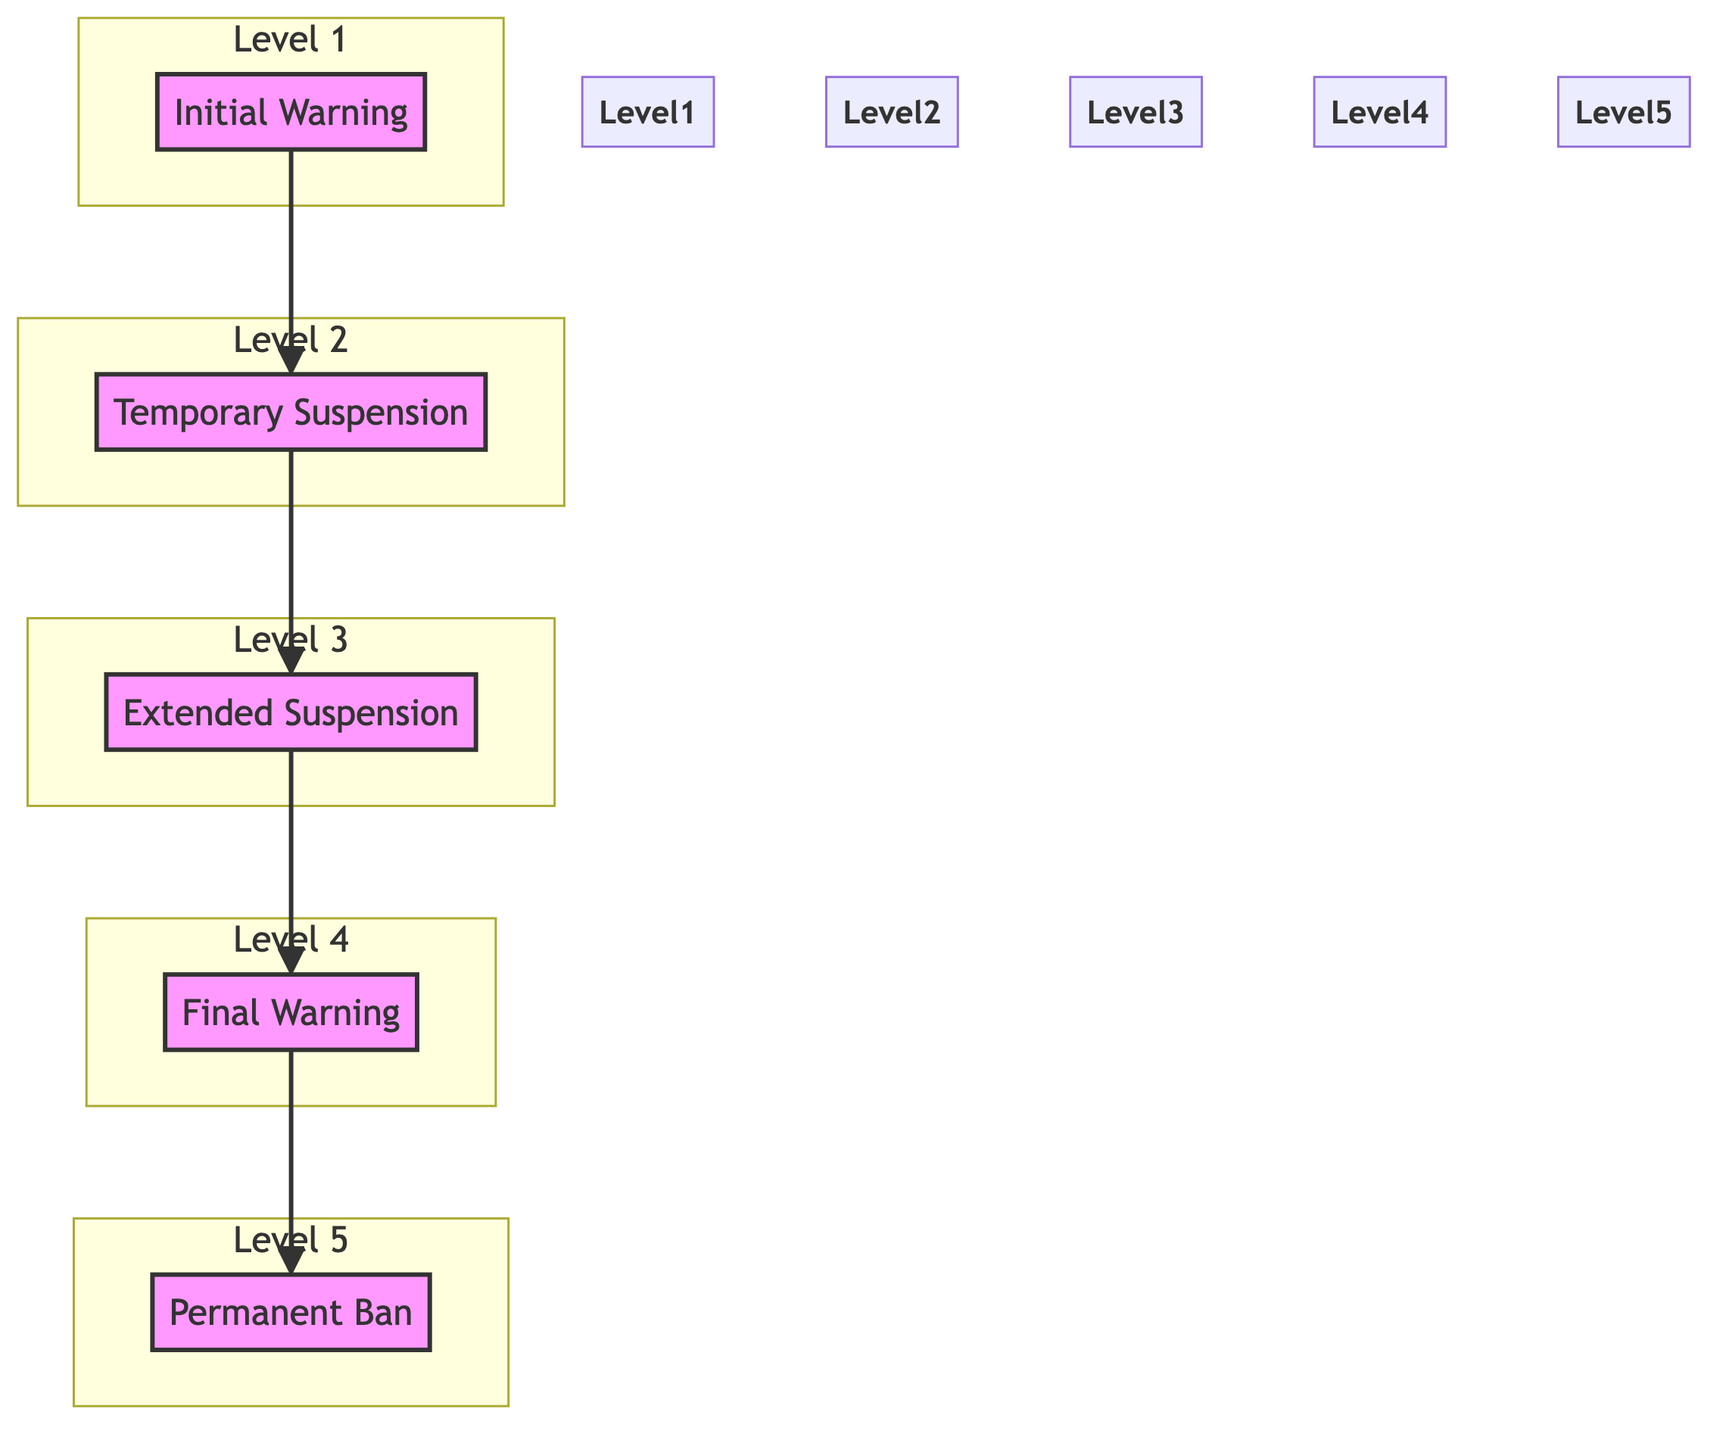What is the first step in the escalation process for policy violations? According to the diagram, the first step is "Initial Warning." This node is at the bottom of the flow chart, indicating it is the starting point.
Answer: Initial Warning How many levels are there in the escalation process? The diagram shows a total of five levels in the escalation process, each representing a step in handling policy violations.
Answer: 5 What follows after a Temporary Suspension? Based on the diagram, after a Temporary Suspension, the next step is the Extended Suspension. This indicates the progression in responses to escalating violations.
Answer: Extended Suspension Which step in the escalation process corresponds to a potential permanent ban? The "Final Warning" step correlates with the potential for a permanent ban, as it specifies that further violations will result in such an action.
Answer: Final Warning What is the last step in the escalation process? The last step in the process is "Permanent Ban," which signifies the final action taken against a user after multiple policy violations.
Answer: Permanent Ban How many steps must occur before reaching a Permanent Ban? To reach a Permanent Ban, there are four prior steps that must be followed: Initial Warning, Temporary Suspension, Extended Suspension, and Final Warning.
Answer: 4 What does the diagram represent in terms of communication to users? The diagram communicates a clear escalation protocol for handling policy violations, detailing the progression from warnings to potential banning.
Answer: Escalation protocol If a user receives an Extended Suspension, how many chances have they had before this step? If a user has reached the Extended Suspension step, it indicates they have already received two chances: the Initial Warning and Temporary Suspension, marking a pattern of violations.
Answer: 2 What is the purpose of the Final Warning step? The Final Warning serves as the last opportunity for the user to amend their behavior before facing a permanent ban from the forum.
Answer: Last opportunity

* Exercise brief
Reprint all the data above verbatim, excluding pictures.

* Your response
What is the first step in the escalation process for policy violations? According to the diagram, the first step is "Initial Warning." This node is at the bottom of the flow chart, indicating it is the starting point.
Answer: Initial Warning How many levels are there in the escalation process? The diagram shows a total of five levels in the escalation process, each representing a step in handling policy violations.
Answer: 5 What follows after a Temporary Suspension? Based on the diagram, after a Temporary Suspension, the next step is the Extended Suspension. This indicates the progression in responses to escalating violations.
Answer: Extended Suspension Which step in the escalation process corresponds to a potential permanent ban? The "Final Warning" step correlates with the potential for a permanent ban, as it specifies that further violations will result in such an action.
Answer: Final Warning What is the last step in the escalation process? The last step in the process is "Permanent Ban," which signifies the final action taken against a user after multiple policy violations.
Answer: Permanent Ban How many steps must occur before reaching a Permanent Ban? To reach a Permanent Ban, there are four prior steps that must be followed: Initial Warning, Temporary Suspension, Extended Suspension, and Final Warning.
Answer: 4 What does the diagram represent in terms of communication to users? The diagram communicates a clear escalation protocol for handling policy violations, detailing the progression from warnings to potential banning.
Answer: Escalation protocol If a user receives an Extended Suspension, how many chances have they had before this step? If a user has reached the Extended Suspension step, it indicates they have already received two chances: the Initial Warning and Temporary Suspension, marking a pattern of violations.
Answer: 2 What is the purpose of the Final Warning step? The Final Warning serves as the last opportunity for the user to amend their behavior before facing a permanent ban from the forum.
Answer: Last opportunity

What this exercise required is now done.